Boutis is a play of light and shadow created by first, stitching the motifs and channels of the design (created specifically for boutis), and then inserting cotton yarn through these same channels. It's with the addition of the cording that the relief is created and this is what defines and gives life to the patterns and motifs of the piece. When working boutis, the cording process is just as important and time intensive as the stitching.

That being said, the little mobile phone pouch on silk that I have been working on is finally stitched and corded.

Stitched and corded, the little silk phone pouch that I have been working on is ready to be assembled.

Once all of the cording was completed, I soaked the piece in cold water and tacked it tautly it to a sheet of Styrofoam. This is the opportunity to square up the finished piece of boutis and ease in (or out) any irregularities.

In my post of February 11/2014, "Boutis: The Straight and Narrow of Silk", I was describing the difficulty I had stitching the diagonal lines (shown below) accurately because the glare that my working light created on the silk made it very difficult to see the stitching lines. Notice the difference between the bottom half of the pattern, which is done correctly, and the top half, which is stitched very inaccurately. My hope was that the cording would camouflage some of the poorly stitched lines. Now that the cording is completed, the stitching imperfections are still quite visible, however, from a distance and if not scrutinized too intently, they may not be too obvious.

This pattern is known as "point de vauvert". It's a series of off-set short lines stitched with a variation of the back stitch and later corded in several directions. 

The next 2 photos show a close-up of the stitches I used on the front flap. The first is of the right side of the pouch, the second is the wrong side.

The centre circle of the rose window has been stitched with "point d'arriere" (back stitch). The circular channels surrounding it and the long, straight channels on the rest of the pouch are just a simple running stitch. While the centre of the rose window and the area between the long channels are stitched in  "point de vauvert",  which uses a variation of the back-stitch.

The back side of the boutis. In a perfectly stitched work of boutis, the piece should be completely reversible.  Not there yet, but we'll keep working on it!

Since finishing this project, I have started several new designs and am currently stitching the first one.  I have acquired a new work lamp with a magnifying lens where the light is much easier to direct and control.

 I have also implemented some changes in both the design and in transferring the design onto fabric, that I hope will allow for greater accuracy.  I'll write about the changes when I post a blog about these new projects.


Comments

  1. This little cell phone case is going to be a work of art!

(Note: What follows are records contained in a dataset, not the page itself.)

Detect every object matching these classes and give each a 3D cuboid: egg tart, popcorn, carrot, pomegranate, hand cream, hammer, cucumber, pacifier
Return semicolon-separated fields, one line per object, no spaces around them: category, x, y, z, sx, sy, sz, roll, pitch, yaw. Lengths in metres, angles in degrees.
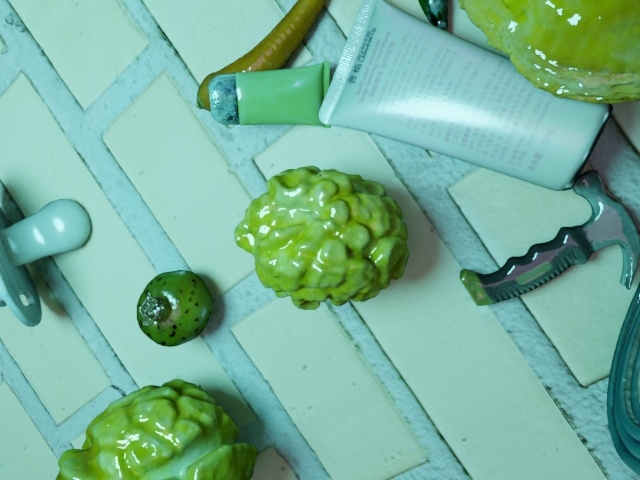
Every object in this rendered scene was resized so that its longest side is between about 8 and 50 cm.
egg tart;0.327;-0.320;0.489;0.339;0.153;0.352;-22;70;8
popcorn;0.005;0.004;0.646;0.234;0.216;0.181;-7;70;22
carrot;-0.078;-0.274;0.691;0.271;0.066;0.062;-33;133;14
pomegranate;-0.241;0.107;0.756;0.130;0.130;0.131;2;99;14
popcorn;-0.235;0.356;0.726;0.282;0.282;0.247;34;70;7
hand cream;-0.072;-0.206;0.675;0.174;0.046;0.095;-7;113;-12
hand cream;0.181;-0.183;0.617;0.358;0.118;0.186;27;106;17
hammer;0.309;0.026;0.641;0.226;0.041;0.159;-30;88;16
cucumber;0.144;-0.347;0.629;0.037;0.037;0.155;-24;92;17
pacifier;-0.503;0.002;0.802;0.207;0.227;0.279;-23;93;-23

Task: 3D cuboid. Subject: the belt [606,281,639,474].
belt;0.466;0.069;0.471;0.173;0.300;0.437;26;101;8

    It's funny, nearly every time you run a post about boutis I pour over your descriptions (which are very good, by the way) in the hopes of understanding the secret behind this beautiful needlework. And I've never been about to figure out how you fill the channels.

    Last night it finally dawned on me to look it up on YouTube. AMAZING! I'm just so impressed by the artistry and skills involved in what you do.

    ReplyDelete
    Replies
    1. Thanks Michelle. I'm working on some posts that describe the process and techniques of boutis, so one of these weeks (or months!), I'll get them posted.

      In the meantime, I want to make a little "critter" bag for a special 3 year old, so I am scouring your blog for some inspiration and good ideas on the subject, which I know I will find there.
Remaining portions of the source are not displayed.